Short-term (14-90 days) feeding studies in rats and mice revealed evidence of weight loss, mild hepatotoxicity, and mild regenerative anaemia at toxic doses.  Reversibility of the haematology effects were demonstrated in rats where partial reversal was noted within 9 days and full reversal within 23 days of exposure to control diet.  The lowest NOAEL (taking dose spacing into consideration) observed in short-term rodent studies was 50 ppm (3.34 and 4.24 mg/kg bw/day) in males and females from the 90-day study in rats based on decreased body weight, mild haemolytic anaemia, and clinical chemistry and microscopic changes indicative of hepatocellular injury at 800 ppm and haematological effects at 200 ppm.

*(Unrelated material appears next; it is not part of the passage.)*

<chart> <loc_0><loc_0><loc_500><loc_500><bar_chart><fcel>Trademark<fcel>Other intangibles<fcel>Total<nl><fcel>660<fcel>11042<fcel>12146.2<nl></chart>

In dogs, weight loss and mild regenerative anaemia at toxic doses were observed following 90 days of dietary exposure; however, hepatotoxicity was not observed.  Hyperkalemia and muscle twitches were also observed at the high dose level (1000/600 ppm).  In addition, compound-related lens opacities were observed in males and females at 300 (10.0 and 10.1 mg/kg bw/day, respectively) and 1000/600 pm (23.8-21.1 and 23.3-20.1 mg/kg bw/day, respectively).  A minimal microscopic lens lesion in an individual low dose (40 ppm, 1.4 mg/kg bw/day) female dog made this a possible lowest observed effect level (LOAEL).  In males, 40 ppm (1.3 mg/kg bw/day was the NOAEL).  The NOAELs for the 90-day feeding study in dogs, excluding lens effects, were 300 ppm in both males and females (10.0 and 10.1 mg/kg bw/day, respectively).

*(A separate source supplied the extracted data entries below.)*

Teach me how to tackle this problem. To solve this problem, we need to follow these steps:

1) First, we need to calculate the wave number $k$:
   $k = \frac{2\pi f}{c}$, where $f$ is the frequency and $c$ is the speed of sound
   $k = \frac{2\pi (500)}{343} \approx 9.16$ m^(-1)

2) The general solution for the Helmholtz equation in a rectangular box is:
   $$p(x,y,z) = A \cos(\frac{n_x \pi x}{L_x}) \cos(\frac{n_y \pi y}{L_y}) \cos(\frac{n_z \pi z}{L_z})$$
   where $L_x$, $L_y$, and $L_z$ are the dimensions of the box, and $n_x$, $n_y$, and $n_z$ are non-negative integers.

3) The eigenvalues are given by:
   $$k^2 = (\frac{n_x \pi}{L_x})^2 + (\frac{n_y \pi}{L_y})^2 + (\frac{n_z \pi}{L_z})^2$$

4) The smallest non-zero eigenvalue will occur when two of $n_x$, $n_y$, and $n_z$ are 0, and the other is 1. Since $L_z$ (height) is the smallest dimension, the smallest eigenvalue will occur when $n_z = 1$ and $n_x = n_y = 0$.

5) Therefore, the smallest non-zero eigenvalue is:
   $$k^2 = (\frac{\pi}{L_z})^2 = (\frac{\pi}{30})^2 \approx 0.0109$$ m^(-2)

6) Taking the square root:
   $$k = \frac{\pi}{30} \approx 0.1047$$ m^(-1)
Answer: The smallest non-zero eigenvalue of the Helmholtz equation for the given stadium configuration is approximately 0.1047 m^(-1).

The 1-year feeding study in dogs, with dietary levels of 0, 20, 40, and 300 ppm, produced lens opacities only at the 300 ppm level in both sexes (10.1 and 9.9 mg/kg bw/day, respectively).  The 40 ppm males and females (1.2 mg/kg bw/day in both sexes) had no compound-related effects.  In this study, an additional 300 ppm recovery group demonstrated that the lens opacities did not progress, or completely regress, when dogs were returned to basal diet after 3 months exposure at the high dose.  The NOAELs for the 1-year feeding study in dogs, excluding lens effects, were 300 ppm in both males and females (8.8 and 9.3 mg/kg bw/day, respectively).

A 1-year gavage study in cynomolgus monkeys, conducted at dose levels of 0, 1, 100, 1000 mg/kg bw/day, showed no clinical or microscopic evidence of lens opacities nor was there any evidence of hepatotoxicity.  Mild haemolytic anaemia was noted in both sexes at the high dose.  The NOAEL was 100 mg/kg bw/day in both male and female primates.  These results indicate that primates either do not develop cataracts induced by famoxadone or that they are significantly less sensitive than dogs.

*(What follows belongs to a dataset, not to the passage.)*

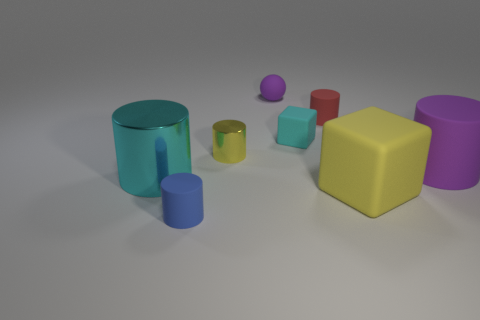Subtract all cyan cylinders. How many cylinders are left? 4 Subtract all large shiny cylinders. How many cylinders are left? 4 Add 1 large matte balls. How many objects exist? 9 Subtract all yellow cylinders. Subtract all blue spheres. How many cylinders are left? 4 Subtract all cubes. How many objects are left? 6 Add 5 large cyan metal cylinders. How many large cyan metal cylinders are left? 6 Add 6 tiny red metallic things. How many tiny red metallic things exist? 6 Subtract 1 yellow blocks. How many objects are left? 7 Subtract all tiny things. Subtract all small blue cylinders. How many objects are left? 2

The NOAEL in a 28-day dermal study in rats was 250 mg/kg bw/day in males and  females, based on slight increases in liver serum enzymes suggestive of minimal hepatotoxicity observed in males exposed to 500 and 1000 mg/kg bw/day and increased cholesterol and hepatocellular hypertrophy.

The NOAEL in a 28-day inhalation study in rats was 15 mg/m³ for male and female rats based on increased single cell necrosis in the liver of both sexes at 100 mg/m³ and decreased red cell mass parameters in female rats at 100 mg/m³.

Justification for classification or non-classification

Significant ocular lesions were seen in male and female dogs from a dose of 10 mg/kg bw/d in the 90-day study. Although these were observed just at the guidance value for STOT-RE Category 1, given the uncertainties about their relevance to humans (not seen in rats, mice, and monkeys) and considering that the guidance values are not strict cut-off figures, classification with STOT-RE Category 2 (H373) remains justified.